(What the task asks)
Reproduce the records exactly. Leave the pictures out.

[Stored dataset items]
_ _ _ _ _ _ _

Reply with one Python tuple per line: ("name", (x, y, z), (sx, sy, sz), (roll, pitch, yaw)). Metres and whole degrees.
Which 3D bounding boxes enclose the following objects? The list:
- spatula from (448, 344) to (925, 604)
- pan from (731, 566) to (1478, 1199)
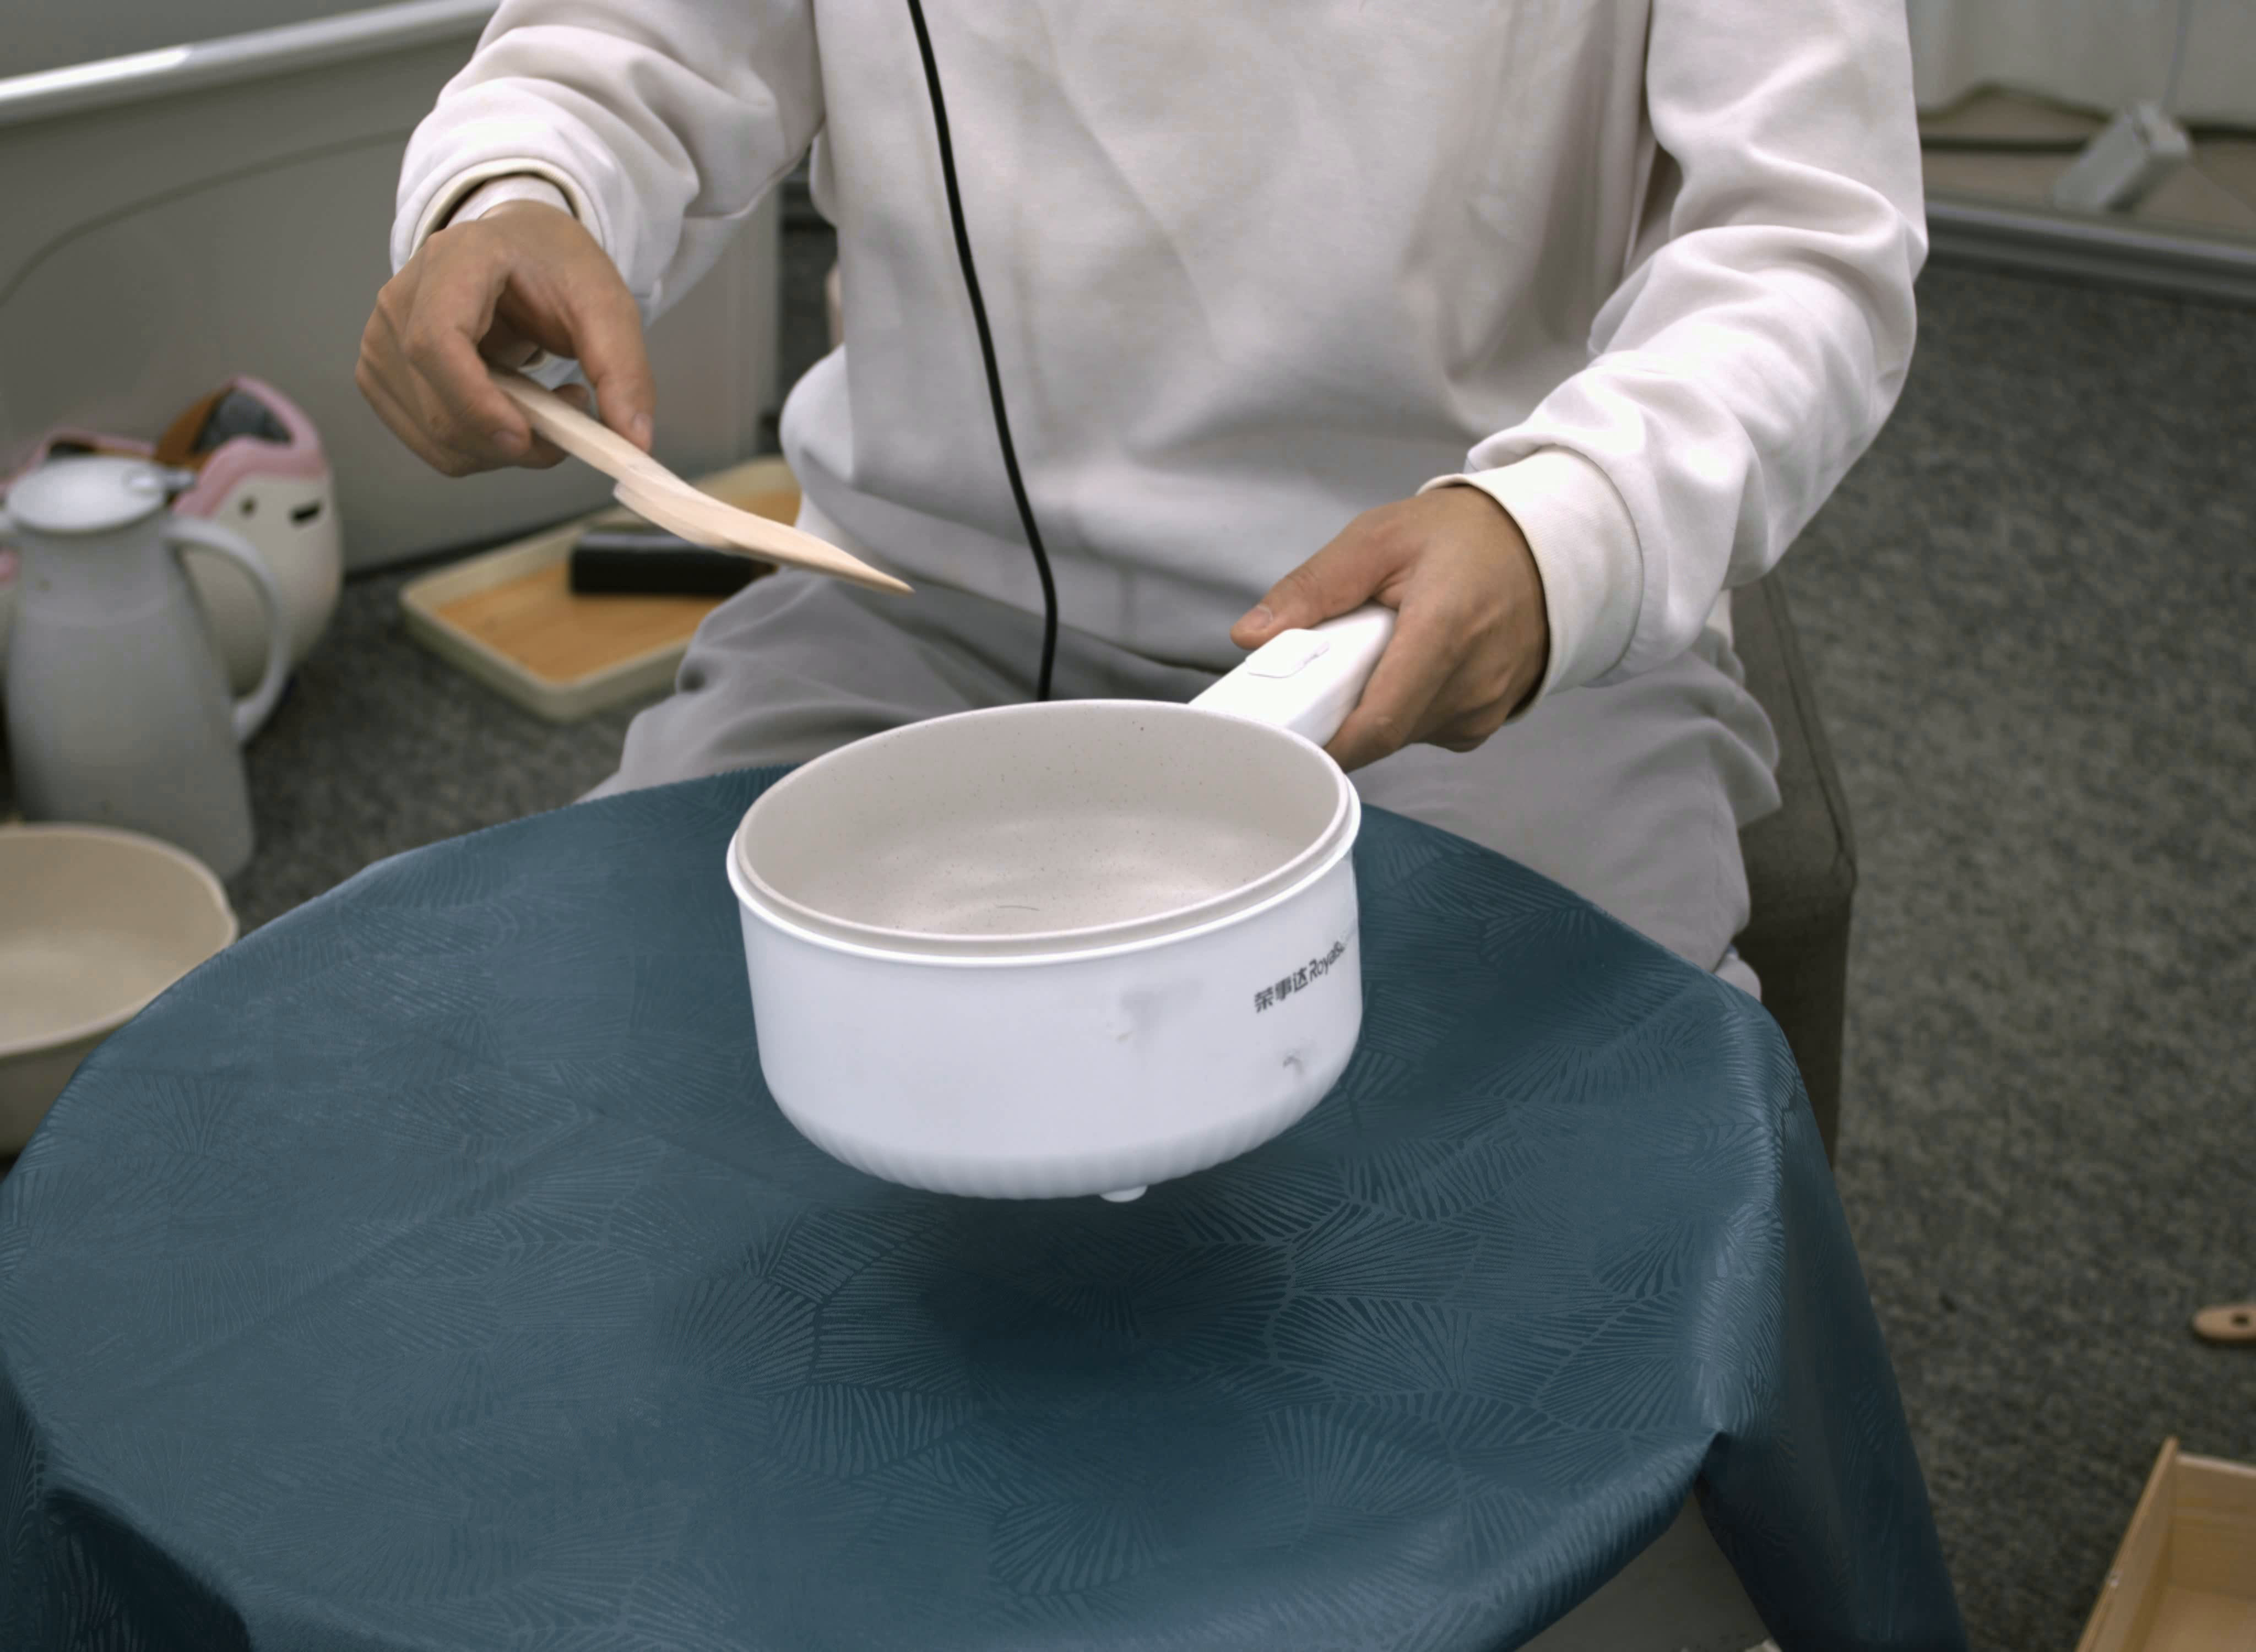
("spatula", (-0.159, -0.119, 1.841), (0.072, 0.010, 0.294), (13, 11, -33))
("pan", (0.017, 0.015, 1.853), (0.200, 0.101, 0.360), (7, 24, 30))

_ _ _ _ _ _ _

(Response area)
Reply with one Python tuple per line: ("name", (x, y, z), (sx, sy, sz), (roll, pitch, yaw)). Metres and whole degrees.
Which 3D bounding boxes enclose the following objects? The list:
- spatula from (448, 344) to (925, 604)
- pan from (731, 566) to (1478, 1199)
("spatula", (-0.159, -0.119, 1.841), (0.072, 0.010, 0.294), (13, 11, -33))
("pan", (0.017, 0.015, 1.853), (0.200, 0.101, 0.360), (7, 24, 30))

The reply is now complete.